B Bayes’ Theorem

Brain teaser: A heritable disease occurs randomly in 10% of the population. If someone has the disease, it is passed on to their children with probability 50%. A mother has 1 healthy child. Given this, what’s the conditional probability that the mother has the disease?

Is the answer 10%? Less? More? How do we quantify it?
Let \(M\) be the event that the mother has the disease.
Let \(C\) be the event that the child has the disease.
We want \(P(M\mid \textrm{not } C)\). We have \(P(M)=0.1\) and \(P(\textrm{not }C\mid M)=0.5\).

Solution:

\[P(M \mid \textrm{not } C) = \frac{P(\textrm{not } C \mid M)P(M)}{P(\textrm{not } C)}\]

So we still need \(P(\textrm{not } C)\). This could happen in 2 ways (“law of total probability”)

\[P(\textrm{not } C)=P(\textrm{not } C \mid M)P(M) + P(\textrm{not } C \mid \textrm{not } M)P(\textrm{not } M)\]

We know \(P(\textrm{not } M)=1-P(M)=0.9\). And we assume \(P( C \mid \textrm{not } M)=0.1\) because the child can randomly get the disease like anyone else, so then \(P(\textrm{not } C \mid \textrm{not } M)=1-P( C \mid \textrm{not } M)=0.9\). Finally, then, we’re left with:

\[P(M \mid \textrm{not } C) = \frac{0.5 \times 0.1}{0.5\times 0.1 + 0.9 \times 0.9}\]

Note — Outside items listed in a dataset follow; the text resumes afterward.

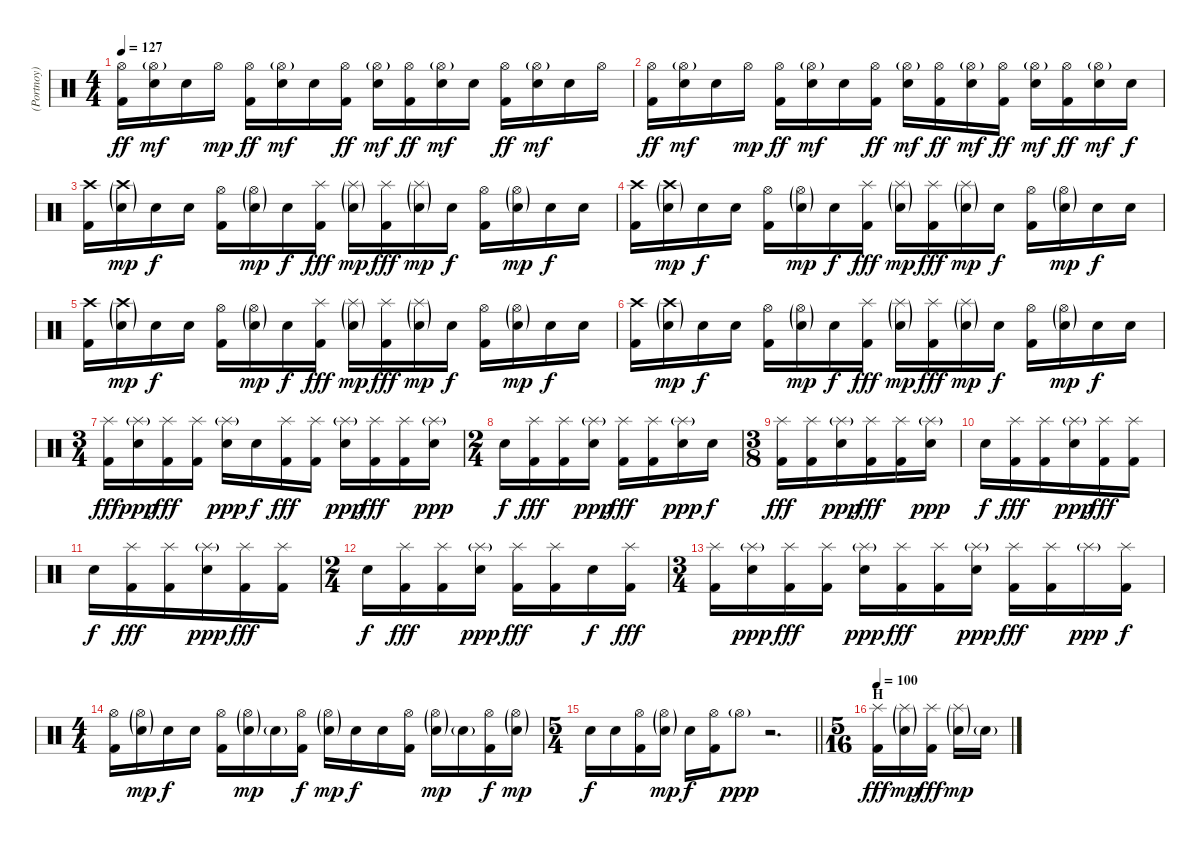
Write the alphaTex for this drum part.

\track ("(Portnoy) Drums" "(Portnoy) ") {instrument percussion}
\staff {score}
\articulation defaults
\ts (4 4)
\tempo 127
\clef neutral
\ks aminor
("Hi-Hat (open)" "Kick (hit) 2").16{dy ff} ("Hi-Hat (open)"{g} "Snare (hit) 2").16{dy mf} "Snare (hit) 2".16 "Hi-Hat (open)".16{dy mp} ("Hi-Hat (open)" "Kick (hit) 2").16{dy ff} ("Hi-Hat (open)"{g} "Snare (hit) 2").16{dy mf} "Snare (hit) 2".16 ("Hi-Hat (open)" "Kick (hit) 2").16{dy ff} ("Hi-Hat (open)"{g} "Snare (hit) 2").16{dy mf} ("Hi-Hat (open)" "Kick (hit) 2").16{dy ff} ("Hi-Hat (open)"{g} "Snare (hit) 2").16{dy mf} "Snare (hit) 2".16 ("Hi-Hat (open)" "Kick (hit) 2").16{dy ff} ("Hi-Hat (open)"{g} "Snare (hit) 2").16{dy mf} "Snare (hit) 2".16 "Hi-Hat (open)".16 |
("Hi-Hat (open)" "Kick (hit) 2").16{dy ff} ("Hi-Hat (open)"{g} "Snare (hit) 2").16{dy mf} "Snare (hit) 2".16 "Hi-Hat (open)".16{dy mp} ("Hi-Hat (open)" "Kick (hit) 2").16{dy ff} ("Hi-Hat (open)"{g} "Snare (hit) 2").16{dy mf} "Snare (hit) 2".16 ("Hi-Hat (open)" "Kick (hit) 2").16{dy ff} ("Hi-Hat (open)"{g} "Snare (hit) 2").16{dy mf} ("Hi-Hat (open)" "Kick (hit) 2").16{dy ff} ("Hi-Hat (open)"{g} "Snare (hit) 2").16{dy mf} ("Hi-Hat (open)" "Kick (hit) 2").16{dy ff} ("Hi-Hat (open)"{g} "Snare (hit) 2").16{dy mf} ("Hi-Hat (open)" "Kick (hit) 2").16{dy ff} ("Hi-Hat (open)"{g} "Snare (hit) 2").16{dy mf} "Snare (hit) 2".16{dy f} |
("Crash high (hit)" "Kick (hit) 2").16 ("Crash high (hit)"{g} "Snare (hit) 2"{g}).16{dy mp} "Snare (hit) 2".16{dy f} "Snare (hit) 2".16 ("Hi-Hat (open)" "Kick (hit) 2").16 ("Hi-Hat (open)"{g} "Snare (hit) 2"{g}).16{dy mp} "Snare (hit) 2".16{dy f} ("Splash (hit)" "Kick (hit) 2").16{dy fff} ("Splash (hit)"{g} "Snare (hit) 2"{g}).16{dy mp} ("Splash (hit)" "Kick (hit) 2").16{dy fff} ("Splash (hit)"{g} "Snare (hit) 2"{g}).16{dy mp} "Snare (hit) 2".16{dy f} ("Hi-Hat (open)" "Kick (hit) 2").16 ("Hi-Hat (open)"{g} "Snare (hit) 2"{g}).16{dy mp} "Snare (hit) 2".16{dy f} "Snare (hit) 2".16 |
("Crash high (hit)" "Kick (hit) 2").16 ("Crash high (hit)"{g} "Snare (hit) 2"{g}).16{dy mp} "Snare (hit) 2".16{dy f} "Snare (hit) 2".16 ("Hi-Hat (open)" "Kick (hit) 2").16 ("Hi-Hat (open)"{g} "Snare (hit) 2"{g}).16{dy mp} "Snare (hit) 2".16{dy f} ("Splash (hit)" "Kick (hit) 2").16{dy fff} ("Splash (hit)"{g} "Snare (hit) 2"{g}).16{dy mp} ("Splash (hit)" "Kick (hit) 2").16{dy fff} ("Splash (hit)"{g} "Snare (hit) 2"{g}).16{dy mp} "Snare (hit) 2".16{dy f} ("Hi-Hat (open)" "Kick (hit) 2").16 ("Hi-Hat (open)"{g} "Snare (hit) 2"{g}).16{dy mp} "Snare (hit) 2".16{dy f} "Snare (hit) 2".16 |
("Crash high (hit)" "Kick (hit) 2").16 ("Crash high (hit)"{g} "Snare (hit) 2"{g}).16{dy mp} "Snare (hit) 2".16{dy f} "Snare (hit) 2".16 ("Hi-Hat (open)" "Kick (hit) 2").16 ("Hi-Hat (open)"{g} "Snare (hit) 2"{g}).16{dy mp} "Snare (hit) 2".16{dy f} ("Splash (hit)" "Kick (hit) 2").16{dy fff} ("Splash (hit)"{g} "Snare (hit) 2"{g}).16{dy mp} ("Splash (hit)" "Kick (hit) 2").16{dy fff} ("Splash (hit)"{g} "Snare (hit) 2"{g}).16{dy mp} "Snare (hit) 2".16{dy f} ("Hi-Hat (open)" "Kick (hit) 2").16 ("Hi-Hat (open)"{g} "Snare (hit) 2"{g}).16{dy mp} "Snare (hit) 2".16{dy f} "Snare (hit) 2".16 |
("Crash high (hit)" "Kick (hit) 2").16 ("Crash high (hit)"{g} "Snare (hit) 2"{g}).16{dy mp} "Snare (hit) 2".16{dy f} "Snare (hit) 2".16 ("Hi-Hat (open)" "Kick (hit) 2").16 ("Hi-Hat (open)"{g} "Snare (hit) 2"{g}).16{dy mp} "Snare (hit) 2".16{dy f} ("Splash (hit)" "Kick (hit) 2").16{dy fff} ("Splash (hit)"{g} "Snare (hit) 2"{g}).16{dy mp} ("Splash (hit)" "Kick (hit) 2").16{dy fff} ("Splash (hit)"{g} "Snare (hit) 2"{g}).16{dy mp} "Snare (hit) 2".16{dy f} ("Hi-Hat (open)" "Kick (hit) 2").16 ("Hi-Hat (open)"{g} "Snare (hit) 2"{g}).16{dy mp} "Snare (hit) 2".16{dy f} "Snare (hit) 2".16 |
\ts (3 4)
("Splash (hit)" "Kick (hit) 2").16{dy fff} ("Splash (hit)"{g} "Snare (hit) 2").16{dy ppp} ("Splash (hit)" "Kick (hit) 2").16{dy fff} ("Splash (hit)" "Kick (hit) 2").16 ("Splash (hit)"{g} "Snare (hit) 2").16{dy ppp} "Snare (hit) 2".16{dy f} ("Splash (hit)" "Kick (hit) 2").16{dy fff} ("Splash (hit)" "Kick (hit) 2").16 ("Splash (hit)"{g} "Snare (hit) 2").16{dy ppp} ("Splash (hit)" "Kick (hit) 2").16{dy fff} ("Splash (hit)" "Kick (hit) 2").16 ("Splash (hit)"{g} "Snare (hit) 2").16{dy ppp} |
\ts (2 4)
"Snare (hit) 2".16{dy f} ("Splash (hit)" "Kick (hit) 2").16{dy fff} ("Splash (hit)" "Kick (hit) 2").16 ("Splash (hit)"{g} "Snare (hit) 2").16{dy ppp} ("Splash (hit)" "Kick (hit) 2").16{dy fff} ("Splash (hit)" "Kick (hit) 2").16 ("Splash (hit)"{g} "Snare (hit) 2").16{dy ppp} "Snare (hit) 2".16{dy f} |
\ts (3 8)
("Splash (hit)" "Kick (hit) 2").16{dy fff} ("Splash (hit)" "Kick (hit) 2").16 ("Splash (hit)"{g} "Snare (hit) 2").16{dy ppp} ("Splash (hit)" "Kick (hit) 2").16{dy fff} ("Splash (hit)" "Kick (hit) 2").16 ("Splash (hit)"{g} "Snare (hit) 2").16{dy ppp} |
"Snare (hit) 2".16{dy f} ("Splash (hit)" "Kick (hit) 2").16{dy fff} ("Splash (hit)" "Kick (hit) 2").16 ("Splash (hit)"{g} "Snare (hit) 2").16{dy ppp} ("Splash (hit)" "Kick (hit) 2").16{dy fff} ("Splash (hit)" "Kick (hit) 2").16 |
"Snare (hit) 2".16{dy f} ("Splash (hit)" "Kick (hit) 2").16{dy fff} ("Splash (hit)" "Kick (hit) 2").16 ("Splash (hit)"{g} "Snare (hit) 2").16{dy ppp} ("Splash (hit)" "Kick (hit) 2").16{dy fff} ("Splash (hit)" "Kick (hit) 2").16 |
\ts (2 4)
"Snare (hit) 2".16{dy f} ("Splash (hit)" "Kick (hit) 2").16{dy fff} ("Splash (hit)" "Kick (hit) 2").16 ("Splash (hit)"{g} "Snare (hit) 2").16{dy ppp} ("Splash (hit)" "Kick (hit) 2").16{dy fff} ("Splash (hit)" "Kick (hit) 2").16 "Snare (hit) 2".16{dy f} ("Splash (hit)" "Kick (hit) 2").16{dy fff} |
\ts (3 4)
("Splash (hit)" "Kick (hit) 2").16 ("Splash (hit)"{g} "Snare (hit) 2").16{dy ppp} ("Splash (hit)" "Kick (hit) 2").16{dy fff} ("Splash (hit)" "Kick (hit) 2").16 ("Splash (hit)"{g} "Snare (hit) 2").16{dy ppp} ("Splash (hit)" "Kick (hit) 2").16{dy fff} ("Splash (hit)" "Kick (hit) 2").16 ("Splash (hit)"{g} "Snare (hit) 2").16{dy ppp} ("Splash (hit)" "Kick (hit) 2").16{dy fff} ("Splash (hit)" "Kick (hit) 2").16 "Splash (hit)"{g}.16{dy ppp} ("Splash (hit)" "Kick (hit) 2").16{dy f} |
\ts (4 4)
("Hi-Hat (open)" "Kick (hit) 2").16 ("Hi-Hat (open)"{g} "Snare (hit) 2"{g}).16{dy mp} "Snare (hit) 2".16{dy f} "Snare (hit) 2".16 ("Hi-Hat (open)" "Kick (hit) 2").16 ("Hi-Hat (open)"{g} "Snare (hit) 2"{g}).16{dy mp} "Snare (hit) 2"{g}.16 ("Hi-Hat (open)" "Kick (hit) 2").16{dy f} ("Hi-Hat (open)"{g} "Snare (hit) 2"{g}).16{dy mp} "Snare (hit) 2".16{dy f} "Snare (hit) 2".16 ("Hi-Hat (open)" "Kick (hit) 2").16 ("Hi-Hat (open)"{g} "Snare (hit) 2"{g}).16{dy mp} "Snare (hit) 2"{g}.16 ("Hi-Hat (open)" "Kick (hit) 2").16{dy f} ("Hi-Hat (open)"{g} "Snare (hit) 2"{g}).16{dy mp} |
\ts (5 4)
\barLineRight lightlight "Snare (hit) 2".16{dy f} "Snare (hit) 2".16
("Hi-Hat (open)" "Kick (hit) 2").16 ("Hi-Hat (open)"{g} "Snare (hit) 2"{g}).16{dy mp} "Snare (hit) 2".16{dy f} ("Hi-Hat (open)" "Kick (hit) 2").16 "Hi-Hat (open)"{g}.8{dy ppp} r.2{d} |
\ts (5 16)
\section ("" "H")
\tempo 100
("Splash (hit)" "Kick (hit) 2").16{dy fff} ("Splash (hit)"{g} "Snare (hit) 2"{g}).16{dy mp} ("Splash (hit)" "Kick (hit) 2").16{dy fff} ("Splash (hit)"{g} "Snare (hit) 2"{g}).16{dy mp} "Snare (hit) 2"{g}.16

Sanity check: this is less than 10%. That’s what our intuition told us.

We can get what we need using Bayes’ Theorem.
We’ve seen above that, for events \(A\) and \(B\), \(P(A,B)=P(A\mid B)P(B)\).
We can also write this as \(P(A,B)=P(B\mid A)P(A)\).
Since these are equal, we get the famous Bayes’ theorem:

\[P(A\mid B)=\frac{P(B\mid A)P(A)}{P(B)}\]

(0.5*0.1)/(0.5*0.1+0.9*0.9)

## [1] 0.05813953

Follow-up question: What’s the conditional probability that the next child will have the disease?

Suppose a drug test produces a positive result with probability 0.99 for drug users, \(P(T = 1\mid D = 1) = 0.99\). It also produces a negative result with probability \(0.99\) for non-drug users, \(P(T = 0\mid D = 0) = 0.99\). The probability that a random person uses the drug is \(0.001\), so \(P(D = 1) = 0.001\). What is the probability that a random person who tests positive is not actually a user, \(P(D = 0 \mid T = 1)\)?